Photorealistic images are so passé these days. Like much of the online world, my Macworld colleagues and I have embraced the trend of sharing low-fi photos, which is dominated by iOS apps such as Instagram (). But those apps suffer from a few limitations. They’re limited to your iOS device, for one. And oftentimes they limit the maximum output size or shape of your finished image.
That’s why I was eager to test out Realmac Software’s Analog, a Mac app clearly inspired by Instagram and its ilk, but with numerous advantages.
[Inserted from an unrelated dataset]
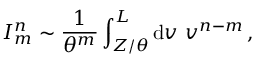<formula> <loc_0><loc_0><loc_500><loc_500>I _ { m } ^ { n } \sim \frac { 1 } { \theta ^ { m } } \int _ { Z / \theta } ^ { L } d v \ v ^ { n - m } \, ,</formula>

Analog does plenty right. First off, its interface is delightfully simple. When you launch the app, you see a list of custom photo filters on the right, and a large empty space on the left into which you drop a photograph. (You can also open a photo the more traditional way, using the File menu—which, if you didn’t know, gives you quick access to your iPhoto-hosted images using the Media -> Photos item in the Open-dialog’s sidebar.)
Once you’ve chosen your starting photograph, it’s time to play with Analog’s 19 filters. The range of filters is, in a word, excellent, letting you make photos grainier, apply a dated or vintage look, alter saturation levels, and add other visual artifacts reminiscent of photos taken Back In The Day. I’m partial to the washed-out Golden Hour and blown-out Hefga, but the others are superb, as well. In fact, Analog’s filters are the best I’ve seen in apps of this sort—there are no clunkers (though my editor thinks Memory, which emulates a double exposure, is a bit silly).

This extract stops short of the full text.